■ Exercise instructions ■
Copy every line of the data below exactly as given, except for the pictures.

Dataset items
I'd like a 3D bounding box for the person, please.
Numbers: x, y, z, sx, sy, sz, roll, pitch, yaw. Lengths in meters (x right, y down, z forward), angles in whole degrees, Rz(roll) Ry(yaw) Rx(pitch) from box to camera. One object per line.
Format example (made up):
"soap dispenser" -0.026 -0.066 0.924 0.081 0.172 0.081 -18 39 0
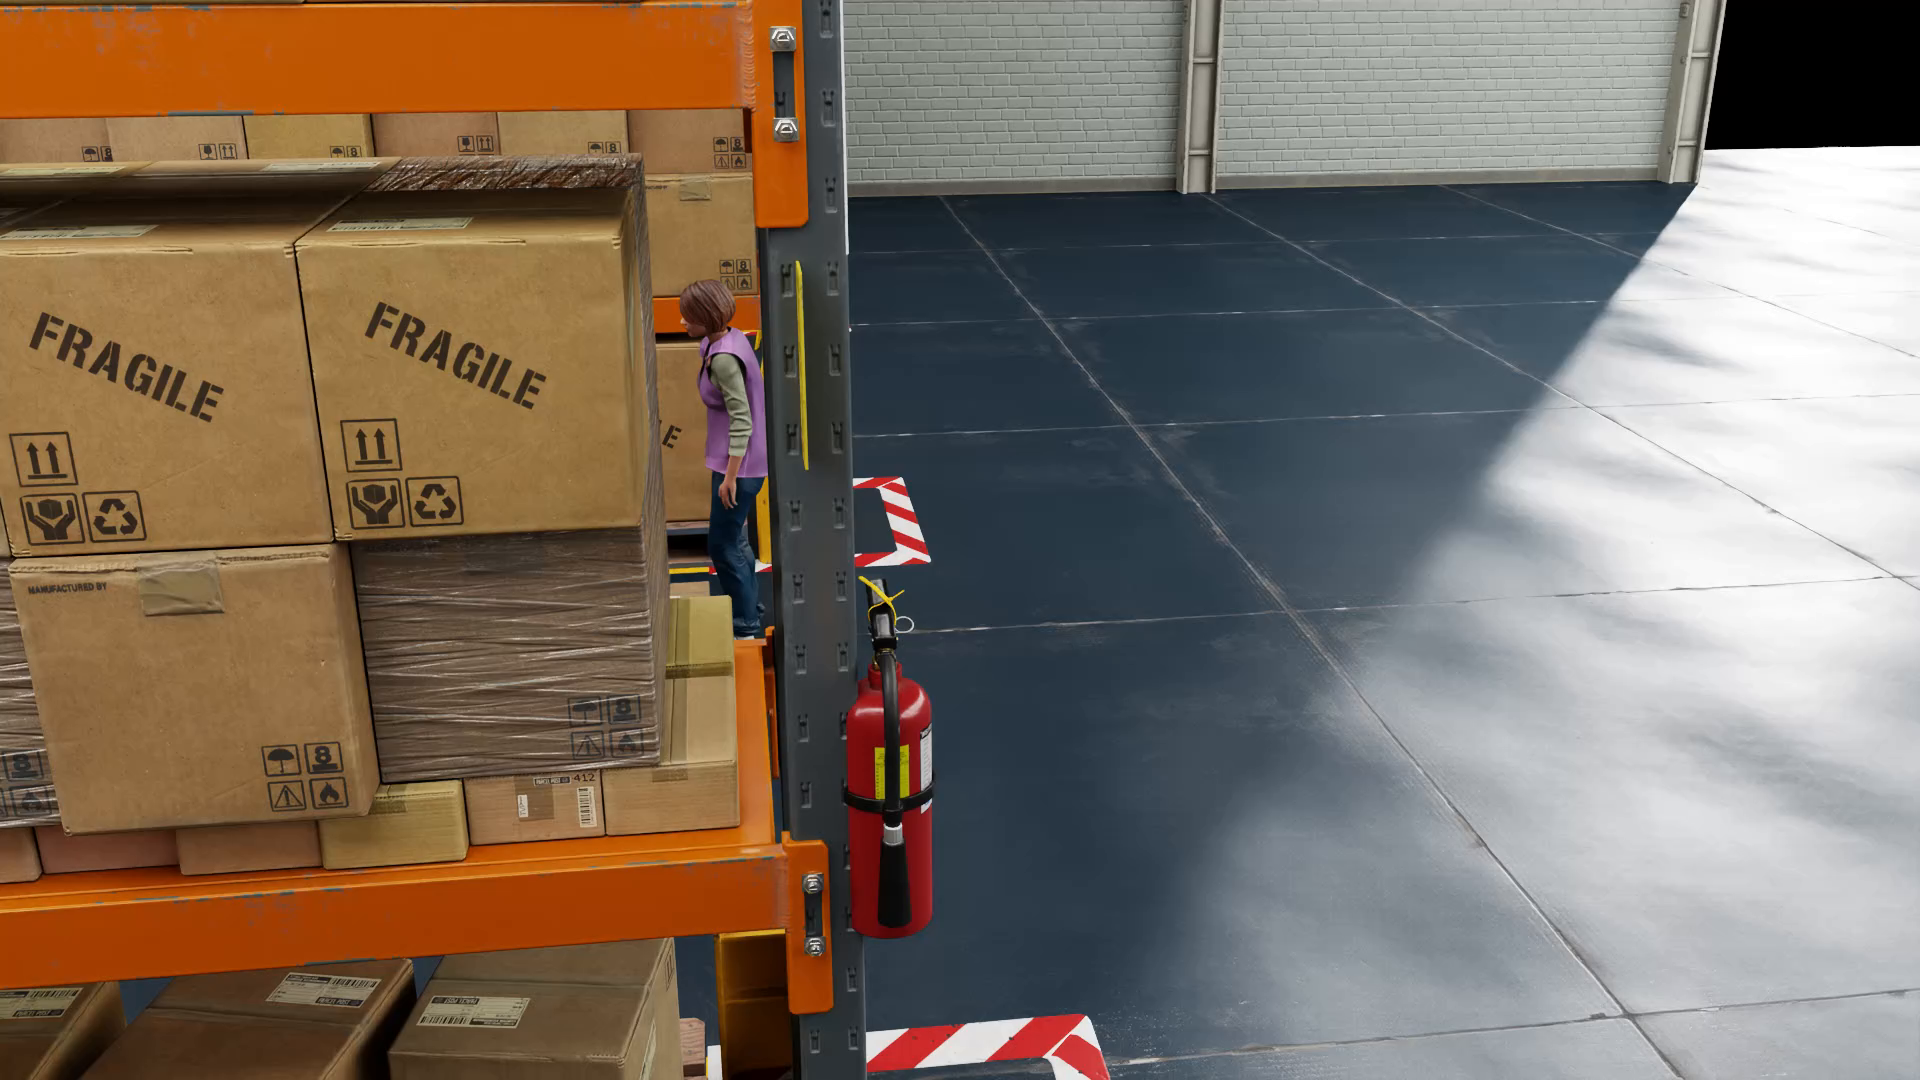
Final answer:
"person" -0.969 -0.299 6.900 0.377 1.592 0.476 -4 21 -11

■ Result of the exercise ■
I'd like a 3D bounding box for the person, please.
Numbers: x, y, z, sx, sy, sz, roll, pitch, yaw. Lengths in meters (x right, y down, z forward), angles in whole degrees, Rz(roll) Ry(yaw) Rx(pitch) from box to camera. One object per line.
Format example (made up):
"soap dispenser" -0.026 -0.066 0.924 0.081 0.172 0.081 -18 39 0
Final answer:
"person" -0.969 -0.299 6.900 0.377 1.592 0.476 -4 21 -11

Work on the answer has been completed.